O terceiro debatedor foi Ophir Cavalcante Júnior, que presidiu a Ordem entre 2010 e 2013. “A OAB não perde sua centralidade na resolução dos problemas. Ela atua amparada em três eixos: a defesa da Constituição Federal, o fortalecimento das instituições pelo sistema de freios e contrapesos, e as liberdades de toda natureza. Destes eixos a Ordem jamais se afastou ou deixou de cuidar. Por isso, muitas vezes, ela é tida como contra majoritária, defendendo o oposto do que a maioria queria que fosse”, observou.

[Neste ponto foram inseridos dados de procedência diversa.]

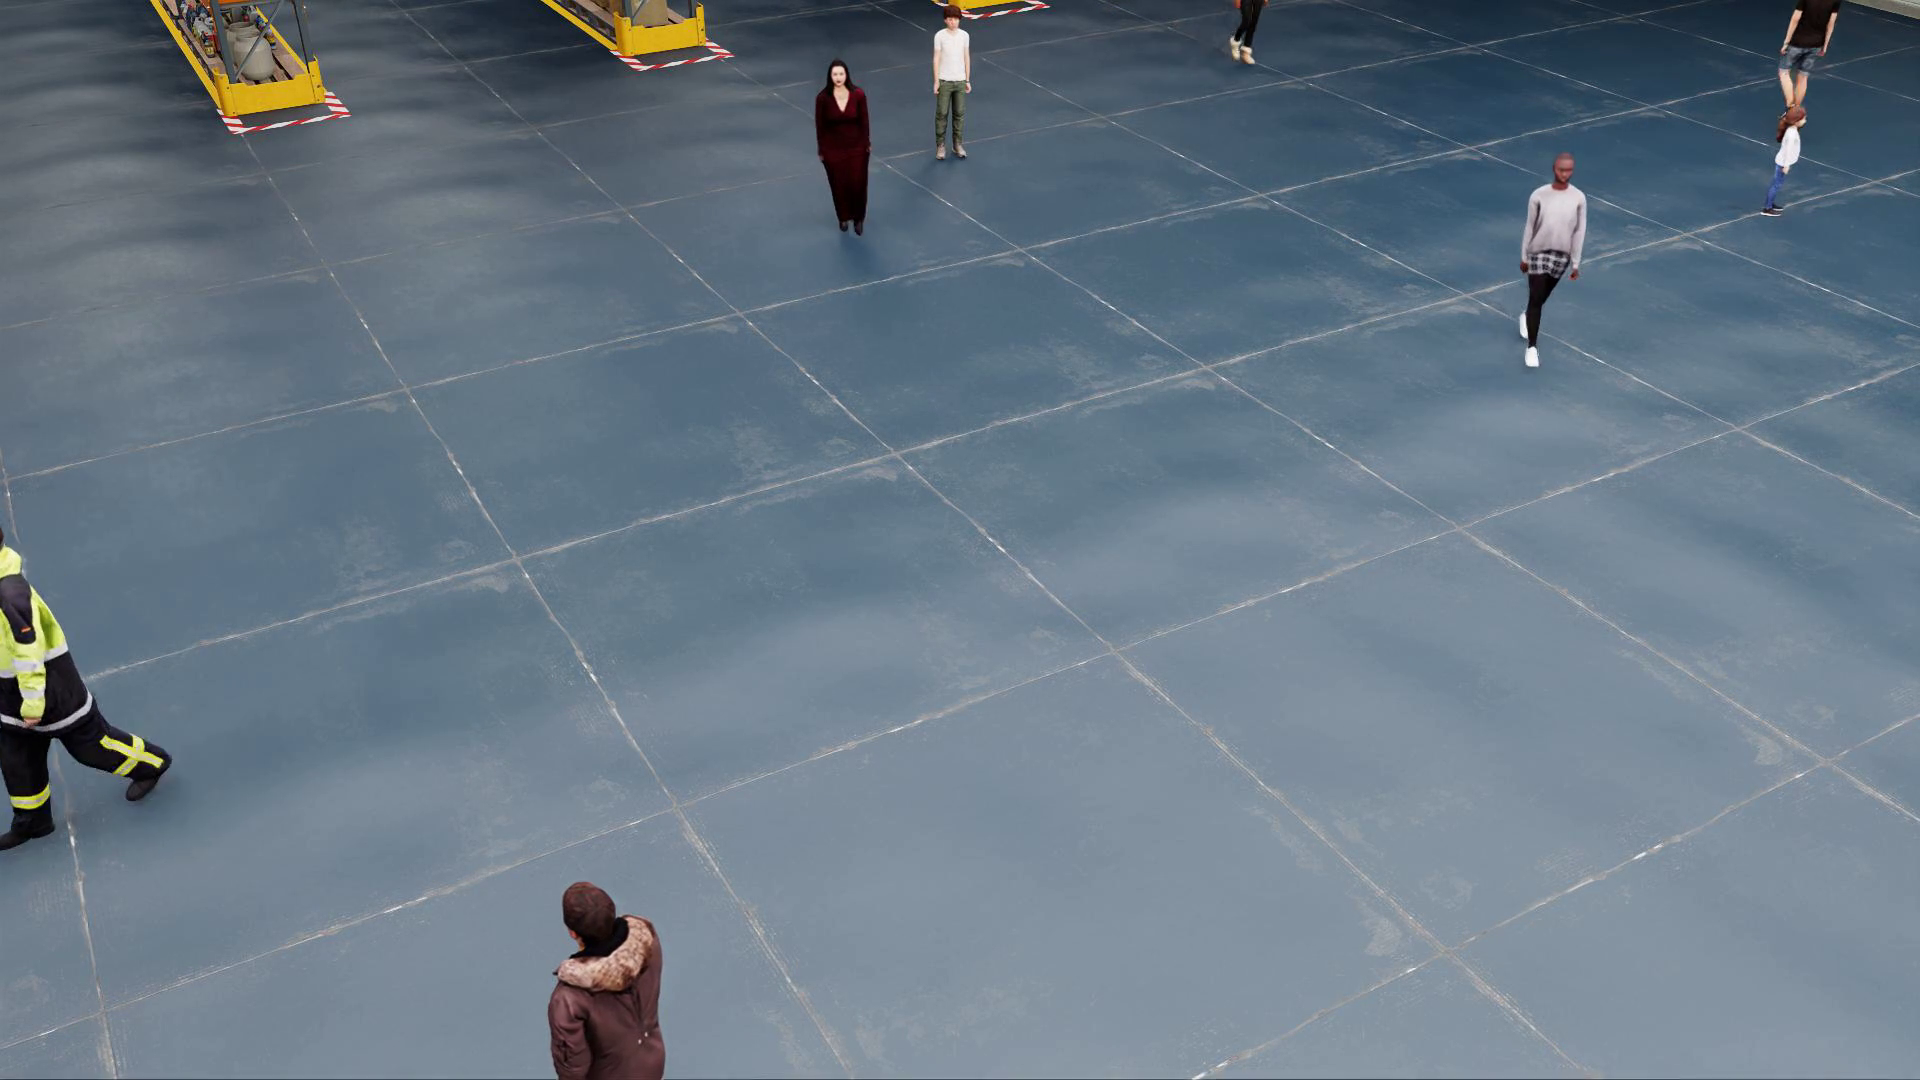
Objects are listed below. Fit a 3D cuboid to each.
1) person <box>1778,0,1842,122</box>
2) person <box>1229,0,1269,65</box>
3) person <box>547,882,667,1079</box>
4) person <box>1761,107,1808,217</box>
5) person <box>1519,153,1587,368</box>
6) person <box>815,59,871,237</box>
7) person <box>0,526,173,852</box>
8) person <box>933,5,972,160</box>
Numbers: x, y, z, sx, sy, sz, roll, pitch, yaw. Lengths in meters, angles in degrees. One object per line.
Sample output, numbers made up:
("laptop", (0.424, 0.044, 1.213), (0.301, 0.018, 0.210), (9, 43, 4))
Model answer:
("person", (9.718, -5.650, 19.053), (0.859, 1.835, 0.912), (2, 32, 3))
("person", (3.699, -6.979, 21.332), (0.611, 1.650, 0.661), (-13, 34, -19))
("person", (-1.390, 2.107, 6.745), (0.869, 1.847, 0.863), (16, 36, 24))
("person", (8.372, -3.863, 16.897), (0.579, 1.112, 0.527), (14, 35, 20))
("person", (4.950, -2.414, 14.009), (1.077, 1.742, 1.227), (4, 32, 6))
("person", (-1.141, -3.867, 16.313), (0.848, 1.742, 0.911), (-2, 32, -4))
("person", (-4.819, 0.718, 8.852), (1.279, 1.947, 1.134), (23, 39, 32))
("person", (-0.095, -5.036, 18.248), (0.634, 1.654, 0.619), (-7, 33, -11))
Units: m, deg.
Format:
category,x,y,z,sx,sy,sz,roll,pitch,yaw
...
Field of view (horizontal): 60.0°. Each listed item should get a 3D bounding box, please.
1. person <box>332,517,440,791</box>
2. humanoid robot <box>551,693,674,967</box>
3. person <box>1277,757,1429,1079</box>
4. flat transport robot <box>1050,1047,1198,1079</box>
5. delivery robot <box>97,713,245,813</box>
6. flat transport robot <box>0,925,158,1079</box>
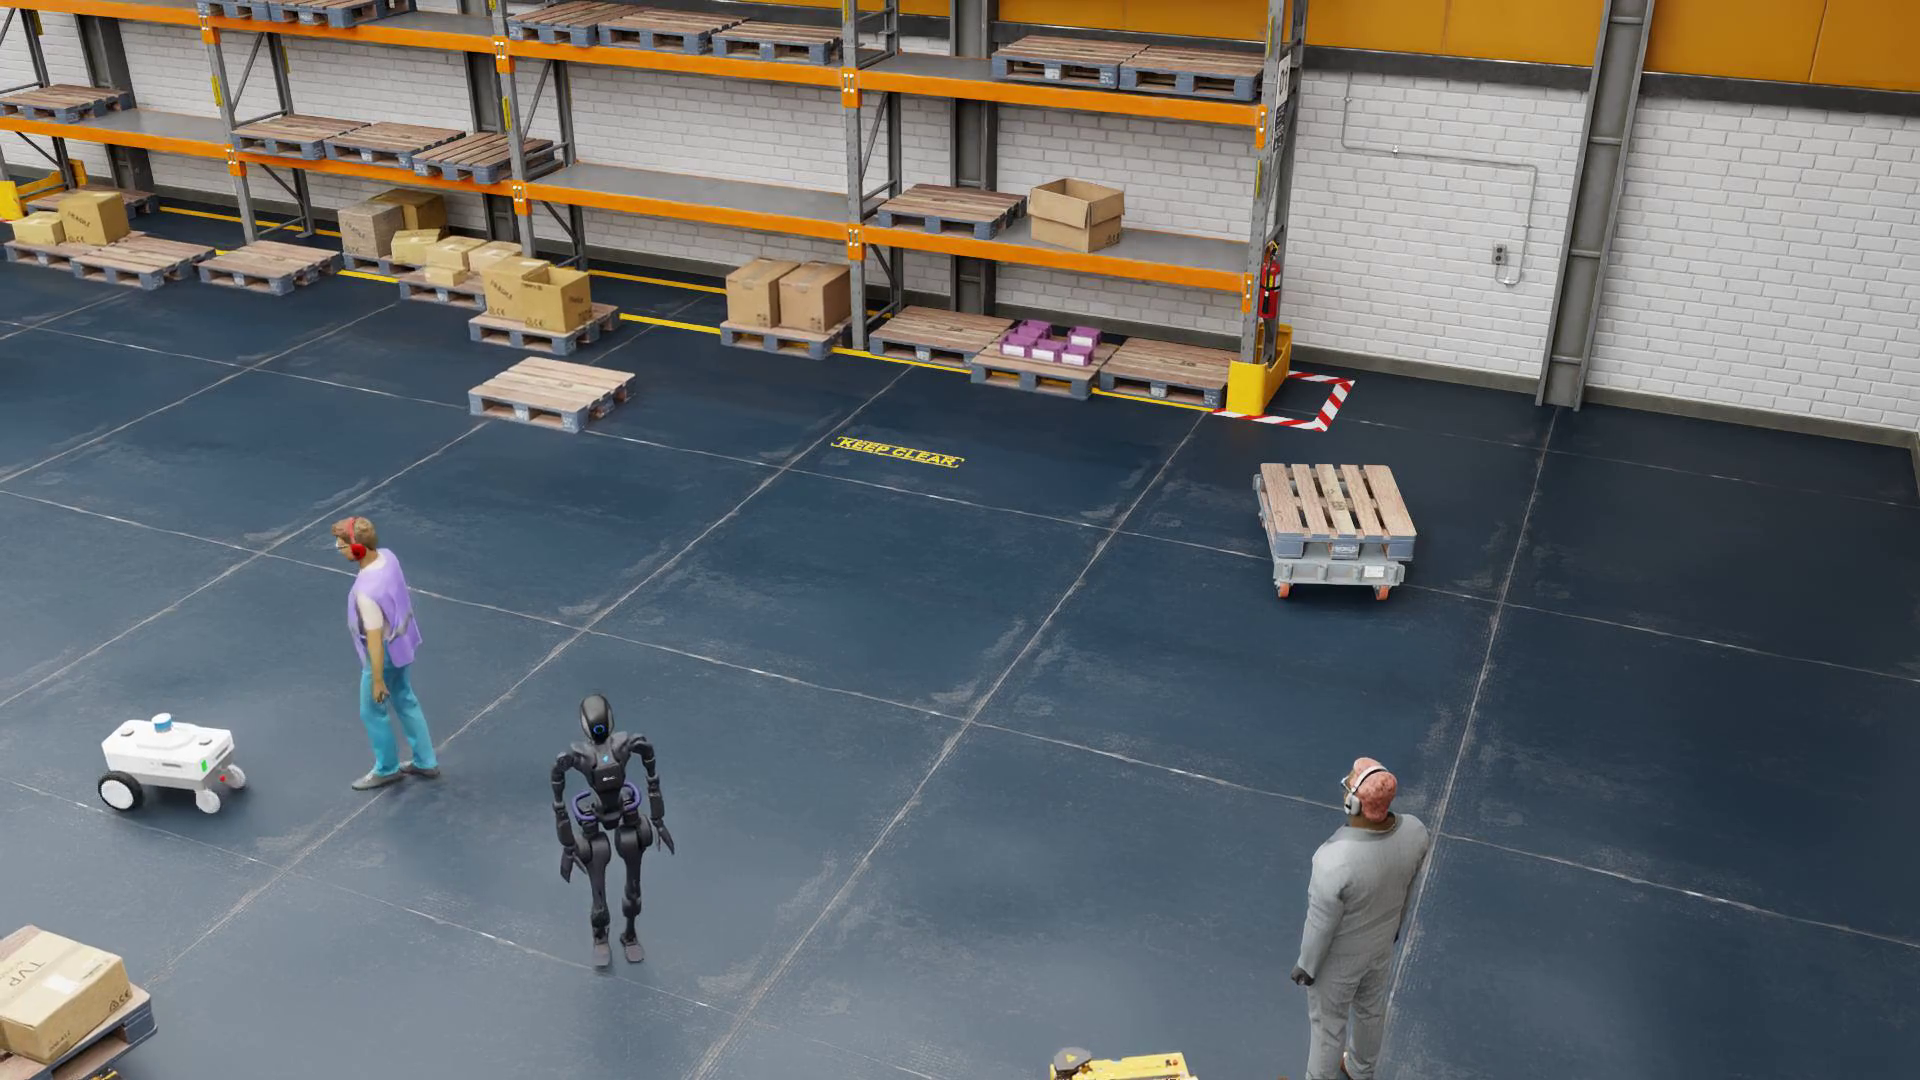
category,x,y,z,sx,sy,sz,roll,pitch,yaw
person,-3.478,0.682,9.911,0.520,1.827,0.623,-2,27,-3
humanoid robot,-1.774,1.486,8.513,0.589,1.651,0.335,-12,30,-23
person,1.777,1.822,7.615,0.642,1.907,0.412,-17,32,-30
flat transport robot,0.848,2.837,7.430,0.659,0.231,1.431,-3,27,-6
delivery robot,-4.773,1.319,10.049,0.773,0.582,0.499,5,28,9
flat transport robot,-4.635,2.586,7.917,1.431,0.231,0.659,16,31,28
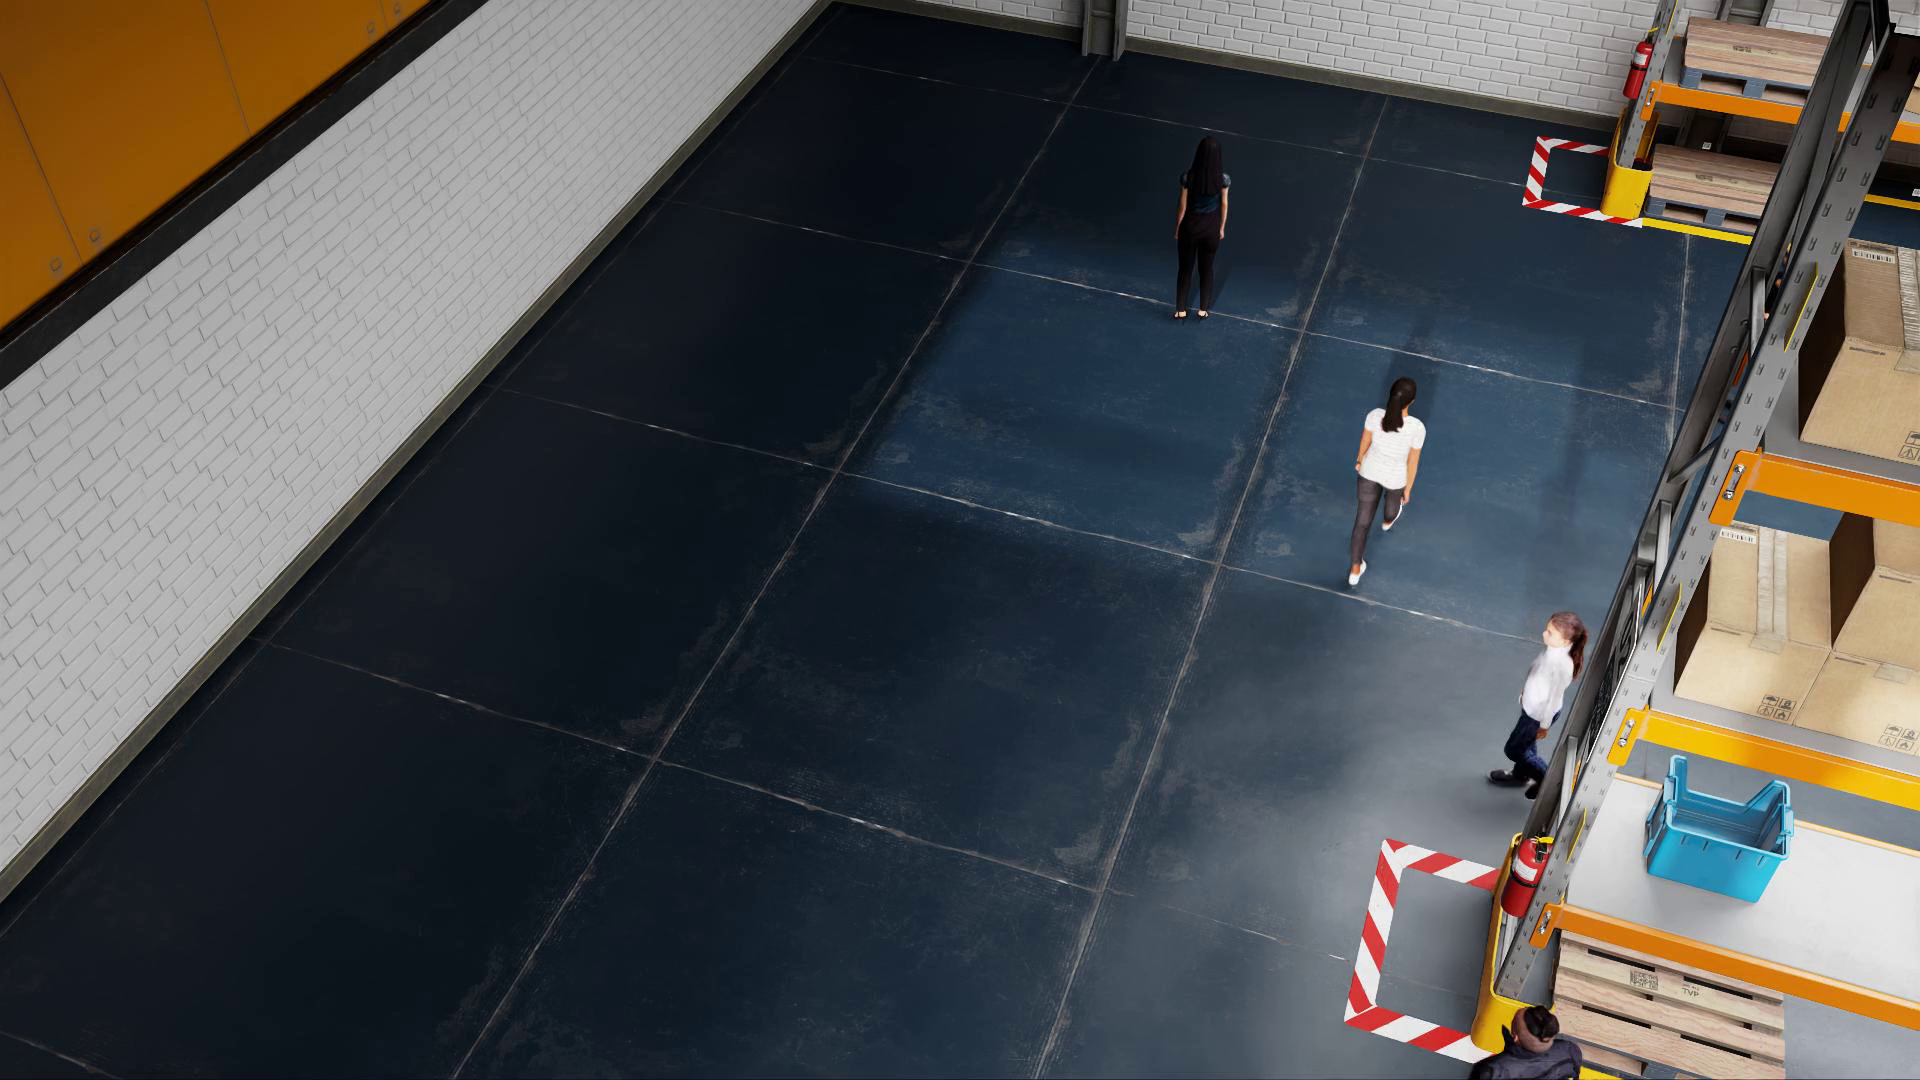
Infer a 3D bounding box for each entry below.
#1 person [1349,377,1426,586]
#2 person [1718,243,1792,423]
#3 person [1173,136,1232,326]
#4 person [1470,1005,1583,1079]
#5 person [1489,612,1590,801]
[{"bbox_3d":[2.893,-0.377,11.451,1.052,1.596,0.730,19,47,19],"label":"person"},{"bbox_3d":[6.181,-1.566,12.672,0.694,1.633,0.689,29,51,27],"label":"person"},{"bbox_3d":[1.958,-2.519,13.597,0.534,1.737,0.680,1,44,1],"label":"person"},{"bbox_3d":[2.637,2.831,7.909,1.072,1.837,1.057,-6,44,-6],"label":"person"},{"bbox_3d":[3.584,1.014,10.027,0.678,1.546,0.567,7,44,7],"label":"person"}]

Fechando os debates, falou o membro honorário vitalício Marcus Vinicius Furtado Coêlho, que presidiu a OAB Nacional de 2013 a 2016. “Winston Churchill disse certa vez: ‘a democracia é o pior dos regimes, exceto todos os demais’. Ou seja, não há um regime onde haja a possibilidade do desenvolvimento das potencialidades de uma nação que não o democrático. E quando se percebe hoje discursos de saudosismo a regimes autoritários, discursos de ódio e violência, discursos terraplanistas que querem ignorar a ciência, me parece perversidade. Vivemos uma época em que não basta a defesa romântica da democracia; é necessário fazer uma defesa militante”, afirmou Coêlho.

No início da sessão, foi dedicado um minuto de silêncio à memória do ex-presidente da OAB-MG, Aristóteles Atheniense, que faleceu na última sexta-feira (3), aos 84 anos. O Conselho Federal da OAB já havia, ainda na sexta-feira, decretado luto oficial de três dias.

A mobilização da advocacia pela democracia foi uma proposta da Comissão Nacional de Defesa da República e da Democracia encaminhada pelo seu presidente, Nabor Bulhões, com ações institucionais de fortalecimento do Estado Democrático de Direito e a participação de todo o Sistema OAB na valorização de valores republicanos e democráticos.